» Given records:
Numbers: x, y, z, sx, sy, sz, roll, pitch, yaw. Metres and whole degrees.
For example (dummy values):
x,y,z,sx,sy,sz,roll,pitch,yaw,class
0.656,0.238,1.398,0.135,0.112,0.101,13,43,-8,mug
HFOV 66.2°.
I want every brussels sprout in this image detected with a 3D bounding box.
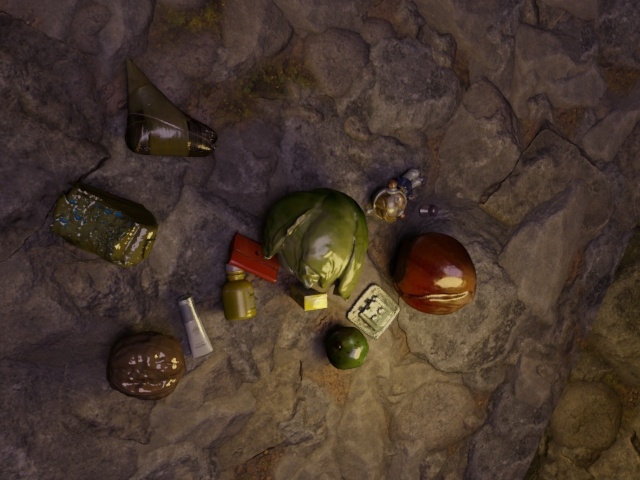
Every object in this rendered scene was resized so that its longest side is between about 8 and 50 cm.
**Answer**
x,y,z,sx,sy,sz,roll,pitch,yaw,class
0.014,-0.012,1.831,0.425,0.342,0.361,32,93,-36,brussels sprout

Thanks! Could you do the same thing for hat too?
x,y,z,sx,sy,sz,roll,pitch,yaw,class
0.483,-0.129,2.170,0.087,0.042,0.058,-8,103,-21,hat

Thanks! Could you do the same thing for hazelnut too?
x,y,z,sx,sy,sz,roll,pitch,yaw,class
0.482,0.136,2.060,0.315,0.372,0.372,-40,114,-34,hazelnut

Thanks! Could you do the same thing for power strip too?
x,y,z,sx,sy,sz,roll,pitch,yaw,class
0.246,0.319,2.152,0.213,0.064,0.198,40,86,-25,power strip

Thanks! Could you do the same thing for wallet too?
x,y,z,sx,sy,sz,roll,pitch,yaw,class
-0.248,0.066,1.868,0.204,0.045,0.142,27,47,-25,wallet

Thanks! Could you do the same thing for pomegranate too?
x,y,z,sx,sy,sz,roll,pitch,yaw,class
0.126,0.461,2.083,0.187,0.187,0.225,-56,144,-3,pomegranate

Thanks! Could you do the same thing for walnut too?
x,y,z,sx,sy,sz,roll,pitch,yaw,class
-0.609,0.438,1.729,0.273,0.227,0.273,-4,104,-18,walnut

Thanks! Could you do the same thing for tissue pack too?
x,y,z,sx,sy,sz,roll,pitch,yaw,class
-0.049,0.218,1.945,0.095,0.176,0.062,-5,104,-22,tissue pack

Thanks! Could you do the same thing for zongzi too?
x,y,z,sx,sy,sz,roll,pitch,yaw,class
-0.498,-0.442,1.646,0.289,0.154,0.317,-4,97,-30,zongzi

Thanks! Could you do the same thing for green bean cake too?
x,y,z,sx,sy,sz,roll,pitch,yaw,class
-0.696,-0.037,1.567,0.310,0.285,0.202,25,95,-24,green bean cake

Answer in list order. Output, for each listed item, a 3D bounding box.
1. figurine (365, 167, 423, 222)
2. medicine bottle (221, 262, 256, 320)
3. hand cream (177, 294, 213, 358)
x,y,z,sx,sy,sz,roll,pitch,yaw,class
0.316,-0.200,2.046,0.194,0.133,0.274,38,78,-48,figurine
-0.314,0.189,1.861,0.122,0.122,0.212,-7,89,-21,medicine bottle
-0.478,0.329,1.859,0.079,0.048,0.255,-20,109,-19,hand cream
---
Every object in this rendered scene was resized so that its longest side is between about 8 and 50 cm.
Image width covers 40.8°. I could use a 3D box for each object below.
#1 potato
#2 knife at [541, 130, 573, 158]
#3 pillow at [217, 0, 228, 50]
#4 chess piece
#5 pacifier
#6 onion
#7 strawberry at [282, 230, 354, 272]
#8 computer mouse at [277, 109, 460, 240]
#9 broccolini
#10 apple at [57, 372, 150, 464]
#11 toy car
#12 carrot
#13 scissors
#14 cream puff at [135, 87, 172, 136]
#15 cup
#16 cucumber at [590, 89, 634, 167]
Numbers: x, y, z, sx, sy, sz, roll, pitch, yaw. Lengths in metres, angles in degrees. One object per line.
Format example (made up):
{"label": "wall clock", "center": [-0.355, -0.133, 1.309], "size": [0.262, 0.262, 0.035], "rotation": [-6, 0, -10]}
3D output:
...
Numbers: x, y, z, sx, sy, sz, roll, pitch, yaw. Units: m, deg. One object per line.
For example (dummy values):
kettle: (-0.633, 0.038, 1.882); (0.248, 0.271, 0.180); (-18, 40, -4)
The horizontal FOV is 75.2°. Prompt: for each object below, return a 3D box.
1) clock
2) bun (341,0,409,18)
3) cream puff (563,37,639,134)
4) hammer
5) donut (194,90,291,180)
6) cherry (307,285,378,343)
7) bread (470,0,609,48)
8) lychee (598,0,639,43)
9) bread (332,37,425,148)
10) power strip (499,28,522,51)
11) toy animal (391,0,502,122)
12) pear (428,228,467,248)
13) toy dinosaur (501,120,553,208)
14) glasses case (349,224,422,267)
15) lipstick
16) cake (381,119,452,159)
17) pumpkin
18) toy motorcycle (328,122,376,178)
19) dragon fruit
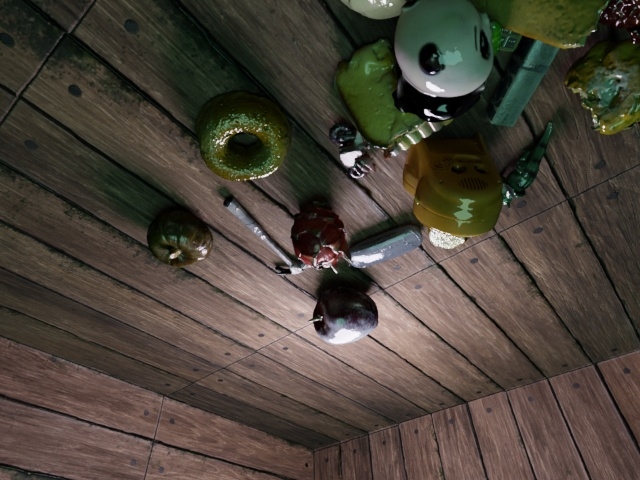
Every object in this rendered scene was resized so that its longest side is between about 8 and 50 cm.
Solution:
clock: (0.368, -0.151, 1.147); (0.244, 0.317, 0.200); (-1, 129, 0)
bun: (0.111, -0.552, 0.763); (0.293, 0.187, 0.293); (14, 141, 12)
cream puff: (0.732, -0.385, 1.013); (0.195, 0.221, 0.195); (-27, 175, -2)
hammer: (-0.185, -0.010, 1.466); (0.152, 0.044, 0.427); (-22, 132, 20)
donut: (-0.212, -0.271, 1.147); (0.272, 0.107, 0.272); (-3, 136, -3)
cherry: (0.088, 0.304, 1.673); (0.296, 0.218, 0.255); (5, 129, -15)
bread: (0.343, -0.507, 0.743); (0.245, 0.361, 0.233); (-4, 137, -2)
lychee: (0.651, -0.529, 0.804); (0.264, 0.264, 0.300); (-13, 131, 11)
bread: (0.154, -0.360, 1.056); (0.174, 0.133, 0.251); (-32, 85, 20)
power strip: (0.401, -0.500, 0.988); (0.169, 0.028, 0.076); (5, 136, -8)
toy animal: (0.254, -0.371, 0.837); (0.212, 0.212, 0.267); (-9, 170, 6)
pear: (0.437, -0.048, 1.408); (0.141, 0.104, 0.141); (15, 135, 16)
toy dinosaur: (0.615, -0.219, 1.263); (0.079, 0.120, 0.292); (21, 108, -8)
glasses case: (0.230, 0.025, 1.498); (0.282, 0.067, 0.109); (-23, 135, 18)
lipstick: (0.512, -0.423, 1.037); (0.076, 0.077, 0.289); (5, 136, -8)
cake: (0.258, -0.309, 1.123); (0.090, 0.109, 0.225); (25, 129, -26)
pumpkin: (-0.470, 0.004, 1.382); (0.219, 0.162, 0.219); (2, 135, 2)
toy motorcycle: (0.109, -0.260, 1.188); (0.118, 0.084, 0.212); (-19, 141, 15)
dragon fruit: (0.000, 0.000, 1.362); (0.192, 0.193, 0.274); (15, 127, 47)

» Required action: Copy every line of the material above in which the string "Numbers" can be found.

» Answer:
Numbers: x, y, z, sx, sy, sz, roll, pitch, yaw. Metres and whole degrees.
Numbers: x, y, z, sx, sy, sz, roll, pitch, yaw. Lengths in metres, angles in degrees. One object per line.
Numbers: x, y, z, sx, sy, sz, roll, pitch, yaw. Units: m, deg. One object per line.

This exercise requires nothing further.